Seeds to the Wind (The Medicean Stars Saga Book 2)
Page 13
The general pauses, watching the crew working. To his trained eye they appear sullen and untrained, but most notably they all appear exceptionally young. Their guide notices that they’ve fallen behind and turns back to see why.
“Gentlemen, you need not worry about them, they’re just a work crew clearing up after a storm we had a couple of days ago.”
“They look rather young. I’m surprised they were able to volunteer for this program. The Junior Space Corps was founded to help young people learn some skills before heading to university, right?” General Long asks as he watches them slowly fill wheelbarrows with debris and haul them off down the trench.
“That is correct, sir. The majority of the recruits in the program are young adults who volunteered for service. In fact, the entire crews of the rockets are all volunteers as well. These poor souls, though, are all conscripted from various correctional facilities around the country. We’d only make hardened criminals work in these conditions. I don’t know the details, but I’ve heard that half of them are serving life sentences.”
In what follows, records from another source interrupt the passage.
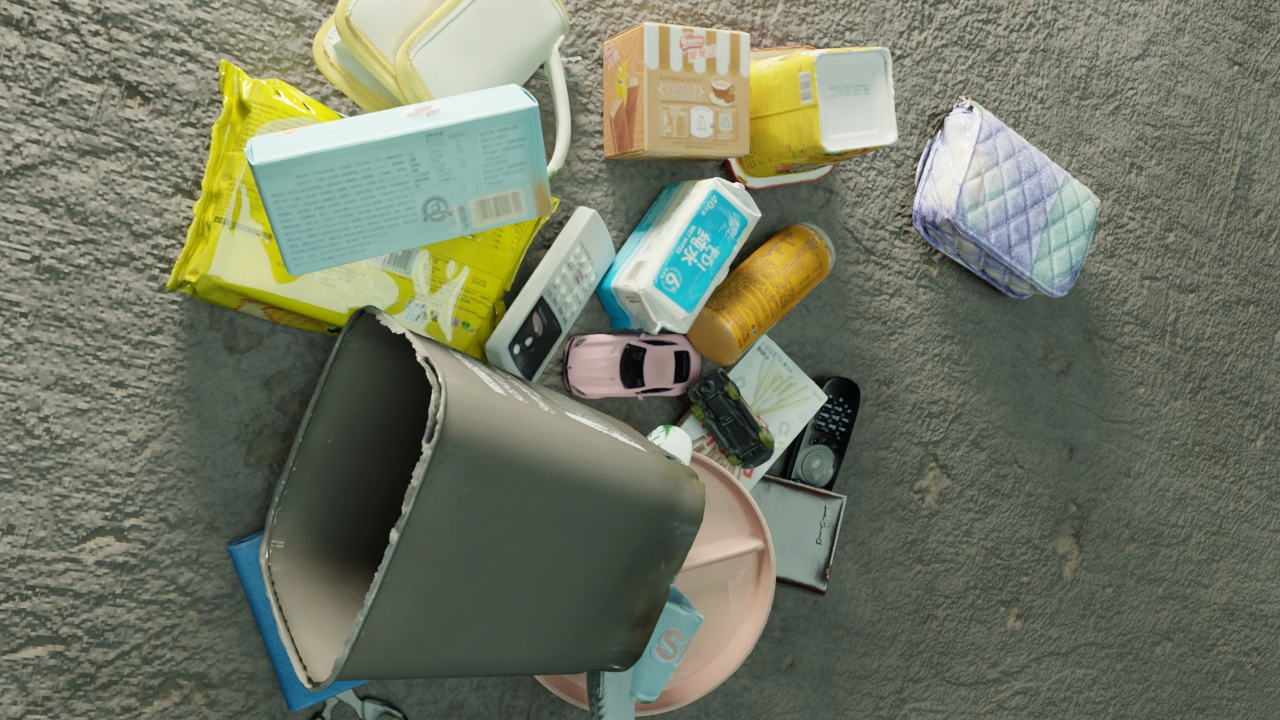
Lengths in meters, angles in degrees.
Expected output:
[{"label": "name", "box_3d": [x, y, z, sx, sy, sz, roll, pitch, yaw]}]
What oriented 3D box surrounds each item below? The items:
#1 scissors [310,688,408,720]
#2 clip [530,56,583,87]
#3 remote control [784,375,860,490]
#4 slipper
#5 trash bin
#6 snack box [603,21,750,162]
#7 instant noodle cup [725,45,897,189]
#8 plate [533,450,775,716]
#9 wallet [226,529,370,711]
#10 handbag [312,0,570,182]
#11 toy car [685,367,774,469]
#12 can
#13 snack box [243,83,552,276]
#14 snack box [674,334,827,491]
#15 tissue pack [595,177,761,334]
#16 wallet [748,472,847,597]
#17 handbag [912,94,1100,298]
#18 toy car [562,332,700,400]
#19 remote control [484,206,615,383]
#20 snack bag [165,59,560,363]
[{"label": "scissors", "box_3d": [-0.229, 0.250, 0.695, 0.159, 0.014, 0.173, 36, 79, -24]}, {"label": "clip", "box_3d": [-0.071, -0.225, 0.706, 0.056, 0.024, 0.029, -3, 93, -27]}, {"label": "remote control", "box_3d": [0.167, 0.080, 0.858, 0.053, 0.024, 0.136, 18, 92, -21]}, {"label": "slipper", "box_3d": [0.011, 0.172, 0.697, 0.074, 0.104, 0.245, 13, 85, -9]}, {"label": "trash bin", "box_3d": [-0.099, 0.097, 0.601, 0.219, 0.199, 0.199, 19, 97, -35]}, {"label": "snack box", "box_3d": [0.027, -0.208, 0.726, 0.092, 0.077, 0.094, -4, 99, -25]}, {"label": "instant noodle cup", "box_3d": [0.139, -0.205, 0.754, 0.116, 0.124, 0.116, -12, 101, -24]}, {"label": "plate", "box_3d": [-0.002, 0.179, 0.759, 0.229, 0.028, 0.229, -1, 94, -10]}, {"label": "wallet", "box_3d": [-0.225, 0.176, 0.670, 0.106, 0.040, 0.133, -19, 99, -17]}, {"label": "handbag", "box_3d": [-0.108, -0.208, 0.634, 0.178, 0.063, 0.163, 43, 60, -16]}, {"label": "toy car", "box_3d": [0.077, 0.049, 0.767, 0.042, 0.035, 0.090, -32, 98, 21]}, {"label": "can", "box_3d": [0.102, -0.059, 0.777, 0.145, 0.058, 0.058, -41, 112, -29]}, {"label": "snack box", "box_3d": [-0.145, -0.114, 0.570, 0.174, 0.051, 0.074, -17, 126, -16]}, {"label": "snack box", "box_3d": [0.085, 0.060, 0.805, 0.084, 0.027, 0.156, 45, 76, -8]}, {"label": "tissue pack", "box_3d": [0.029, -0.082, 0.736, 0.063, 0.090, 0.140, 38, 79, -24]}, {"label": "wallet", "box_3d": [0.122, 0.154, 0.832, 0.122, 0.020, 0.096, 17, 87, -12]}, {"label": "handbag", "box_3d": [0.353, -0.150, 0.893, 0.193, 0.076, 0.134, 26, 80, -27]}, {"label": "toy car", "box_3d": [-0.005, 0.004, 0.760, 0.122, 0.037, 0.056, -2, 95, -25]}, {"label": "remote control", "box_3d": [-0.065, -0.047, 0.700, 0.149, 0.021, 0.058, -60, 148, -24]}, {"label": "snack bag", "box_3d": [-0.188, -0.085, 0.643, 0.246, 0.068, 0.158, 18, 89, -27]}]
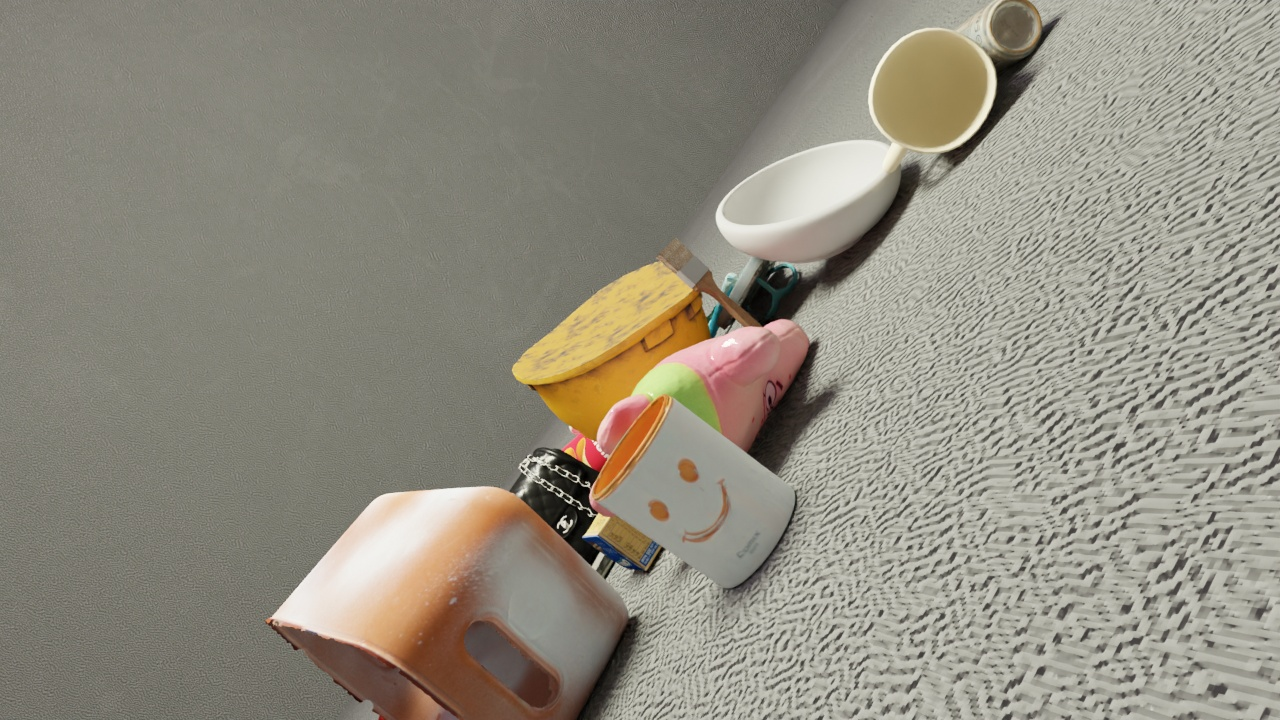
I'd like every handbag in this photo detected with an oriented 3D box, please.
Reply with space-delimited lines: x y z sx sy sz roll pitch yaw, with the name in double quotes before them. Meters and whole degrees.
"handbag" -0.095 0.172 0.979 0.153 0.125 0.115 -56 7 -23

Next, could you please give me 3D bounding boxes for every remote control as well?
"remote control" -0.044 0.212 0.901 0.136 0.013 0.033 -58 6 -23

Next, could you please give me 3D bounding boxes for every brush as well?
"brush" 0.077 -0.060 0.877 0.008 0.143 0.045 -47 0 35

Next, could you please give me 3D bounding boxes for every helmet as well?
"helmet" -0.006 0.006 0.945 0.206 0.131 0.254 -18 18 27

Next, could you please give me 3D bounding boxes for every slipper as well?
"slipper" 0.132 -0.070 1.018 0.098 0.055 0.268 -57 -5 8

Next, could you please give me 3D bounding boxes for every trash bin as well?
"trash bin" -0.154 0.210 0.743 0.260 0.181 0.157 -13 35 52

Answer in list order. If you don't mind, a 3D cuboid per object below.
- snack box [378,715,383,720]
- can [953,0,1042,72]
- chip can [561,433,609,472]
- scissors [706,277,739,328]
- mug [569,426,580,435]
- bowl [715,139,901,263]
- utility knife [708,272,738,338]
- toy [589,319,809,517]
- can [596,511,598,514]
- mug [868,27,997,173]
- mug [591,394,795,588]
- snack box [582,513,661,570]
"snack box" -0.240 0.393 0.939 0.072 0.072 0.121 -160 85 -83
"can" 0.299 -0.276 0.816 0.054 0.054 0.135 -54 6 -3
"chip can" -0.049 0.110 1.080 0.221 0.069 0.069 -42 10 20
"scissors" 0.114 -0.076 1.217 0.202 0.015 0.202 -54 0 -42
"mug" -0.032 0.075 1.138 0.088 0.114 0.081 -43 54 31
"bowl" 0.164 -0.141 0.874 0.177 0.066 0.176 -20 27 11
"utility knife" 0.083 -0.031 1.082 0.022 0.015 0.177 -45 -21 -47
"toy" 0.060 0.034 0.716 0.236 0.097 0.192 -34 -26 -35
"can" -0.006 0.124 0.903 0.054 0.054 0.137 -51 7 25
"mug" 0.237 -0.215 0.774 0.120 0.096 0.099 -64 -5 20
"mug" 0.034 0.084 0.591 0.082 0.105 0.082 -53 7 9
"snack box" 0.032 0.088 0.821 0.206 0.057 0.056 -55 7 -20
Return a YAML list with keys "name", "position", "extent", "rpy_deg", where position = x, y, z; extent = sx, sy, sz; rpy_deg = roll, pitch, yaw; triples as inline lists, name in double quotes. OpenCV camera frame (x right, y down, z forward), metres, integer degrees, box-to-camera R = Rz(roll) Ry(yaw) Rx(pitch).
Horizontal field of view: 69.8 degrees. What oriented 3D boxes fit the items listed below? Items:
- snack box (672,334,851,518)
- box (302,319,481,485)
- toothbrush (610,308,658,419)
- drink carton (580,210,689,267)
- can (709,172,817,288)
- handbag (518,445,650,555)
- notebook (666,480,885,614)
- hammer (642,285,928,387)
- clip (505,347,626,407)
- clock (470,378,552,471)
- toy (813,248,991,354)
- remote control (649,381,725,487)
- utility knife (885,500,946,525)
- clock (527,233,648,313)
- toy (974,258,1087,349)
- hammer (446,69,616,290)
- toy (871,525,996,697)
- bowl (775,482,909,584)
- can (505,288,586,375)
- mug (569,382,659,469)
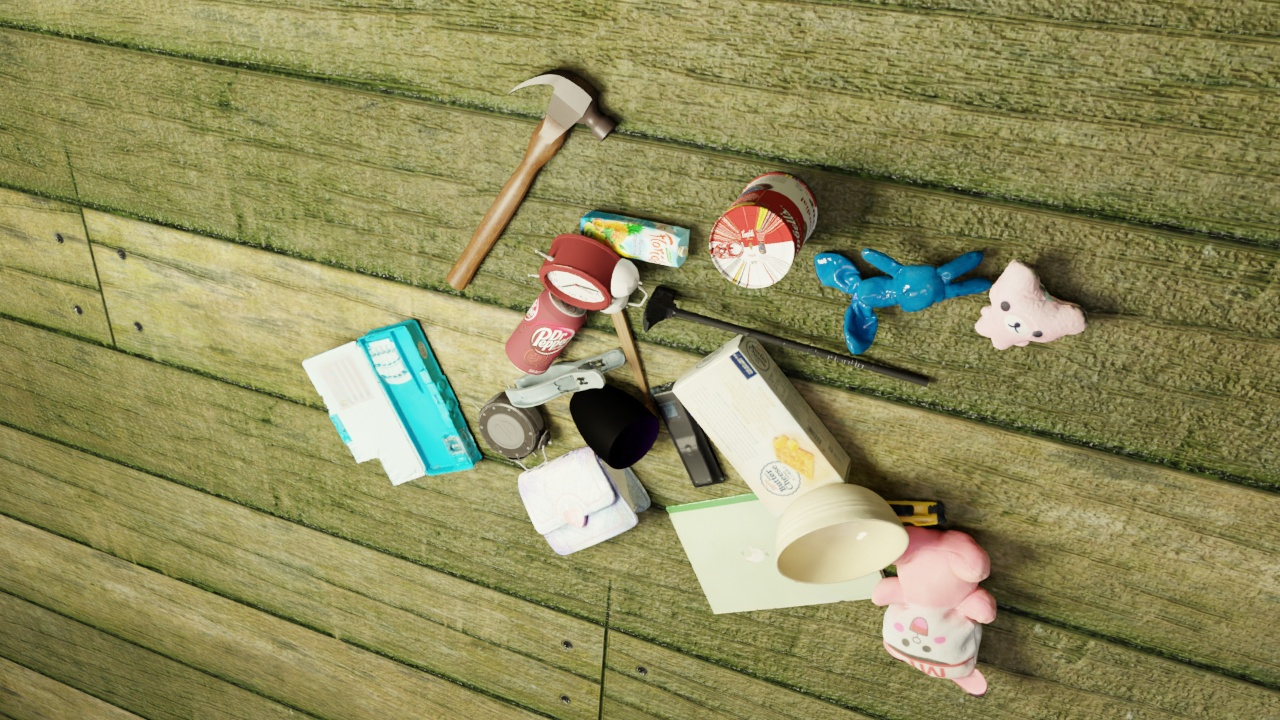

Their guide may have heard rumors or been told this by his superior officers, but to Phillip Long the figures in the trench do not look like hardened criminals, only bedraggled and exhausted teenagers. He glances at his aide. The man’s face would appear stoic to a casual observer, but General Long has known him too long. Something in that trench has disturbed him, allowing a new doubt to take hold and start to simmer in a corner of his mind. They make eye contact for the second it takes the general to shake his head minutely as if to say: “Not here, not now, remember why we’re here. I am nothing more than a figurehead on a ship built to be scuttled.”
The guide politely clears his throat to regain his charges’ attention before leading them across the runway to a low building that seems to cower beneath the rockets. The building isn’t ugly, but it is clear that no one spent any time addressing more than the basics of functionality when designing it. It is a standard government-issue gray concrete box. Two stories of thick walls and sunken windows, the kind of building that should seem stout and invincible seems small and insignificant before the rockets as they begin to steam in the sun’s gathering strength.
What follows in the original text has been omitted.